= Certificate policy =

Document that describe different entities of public key infrastructure

A certificate policy (CP) is a document which aims to state what are the different entities of a public key infrastructure (PKI), their roles and their duties. This document is published in the PKI perimeter.

When in use with X.509 certificates, a specific field can be set to include a link to the associated certificate policy. Thus, during an exchange, any relying party has an access to the assurance level associated with the certificate, and can decide on the level of trust to put in the certificate.

== RFC 3647 ==
The reference document for writing a certificate policy is, as of December 2010, . The RFC proposes a framework for the writing of certificate policies and Certification Practice Statements (CPS).

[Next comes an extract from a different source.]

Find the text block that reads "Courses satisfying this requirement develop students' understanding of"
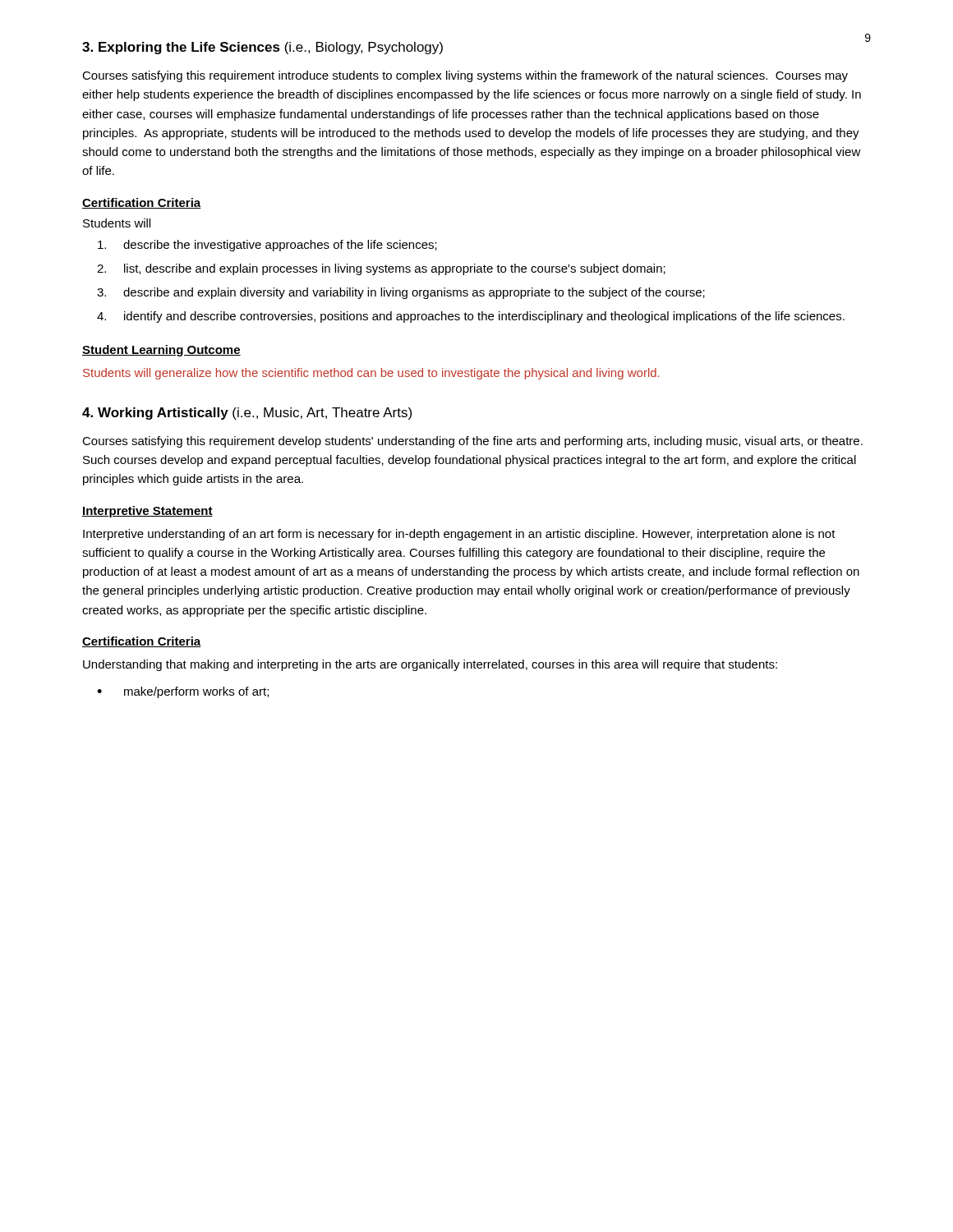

The points described below are based on the framework presented in the RFC.

== Main points ==

=== Architecture ===
The document should describe the general architecture of the related PKI, present the different entities of the PKI and any exchange based on certificates issued by this very same PKI.

=== Certificate uses ===
An important point of the certificate policy is the description of the authorized and prohibited certificate uses. When a certificate is issued, it can be stated in its attributes what use cases it is intended to fulfill. For example, a certificate can be issued for digital signature of e-mail (a.k.a. S/MIME), encryption of data, authentication (e.g. of a Web server, as when one uses HTTPS) or further issuance of certificates (delegation of authority). Prohibited uses are specified in the same way.

=== Naming, identification and authentication ===
The document also describes how certificates names are to be chosen, and besides, the associated needs for identification and authentication. When a certification application is filled, the certification authority (or, by delegation, the registration authority) is in charge of checking the information provided by the applicant, such as his identity. This is to make sure that the CA does not take part in an identity theft.

=== Key generation ===
The generation

=== Procedures ===
The different procedures for certificate application, issuance, acceptance, renewal, re-key, modification and revocation are a large part of the document. These procedures describe how each actor of the PKI has to act in order for the whole assurance level to be accepted.

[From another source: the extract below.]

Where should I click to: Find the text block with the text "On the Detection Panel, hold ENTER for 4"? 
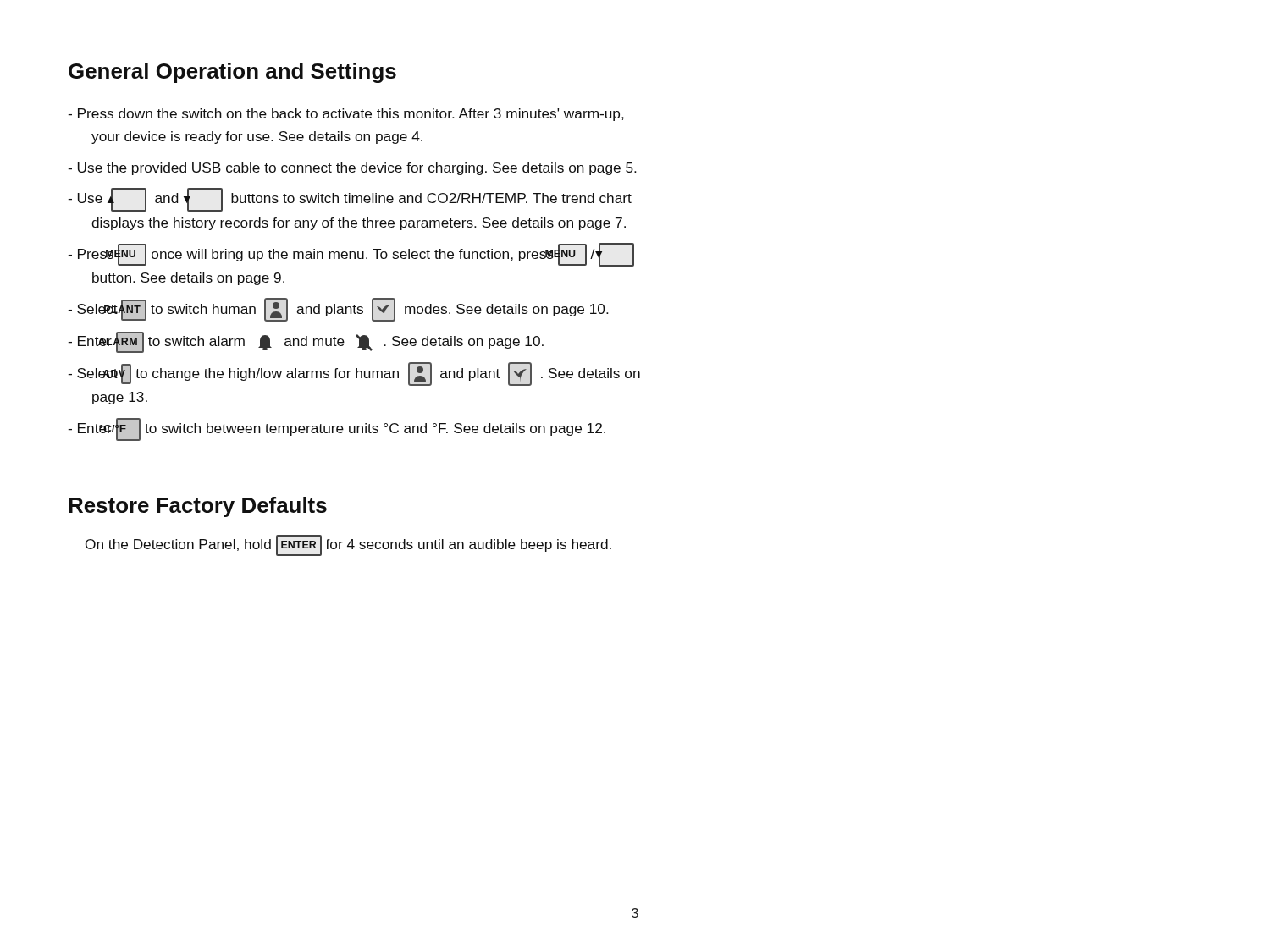pos(349,545)

=== Operational controls ===
Then, a chapter is found regarding physical and procedural controls, audit and logging procedures involved in the PKI to ensure data integrity, availability and confidentiality.

=== Technical controls ===
This part describes what are the technical requirements regarding key sizes, protection of private keys (by use of key escrow) and various types of controls regarding the technical environment (computers, network).

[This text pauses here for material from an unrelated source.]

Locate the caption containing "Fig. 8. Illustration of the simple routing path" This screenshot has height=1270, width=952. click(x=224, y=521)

=== Certificate revocation lists ===
Those lists are a vital part of any public key infrastructure, and as such, a specific chapter is dedicated to the description of the management associated with these lists, to ensure consistency between certificate status and the content of the list.

=== Audit and assessments ===
The PKI needs to be audited to ensure it complies with the rules stated in its documents, such as the certificate policy. The procedures used to assess such compliance are described here.

=== Other ===
This last chapter tackles all remaining points, by example all the PKI-associated legal matters.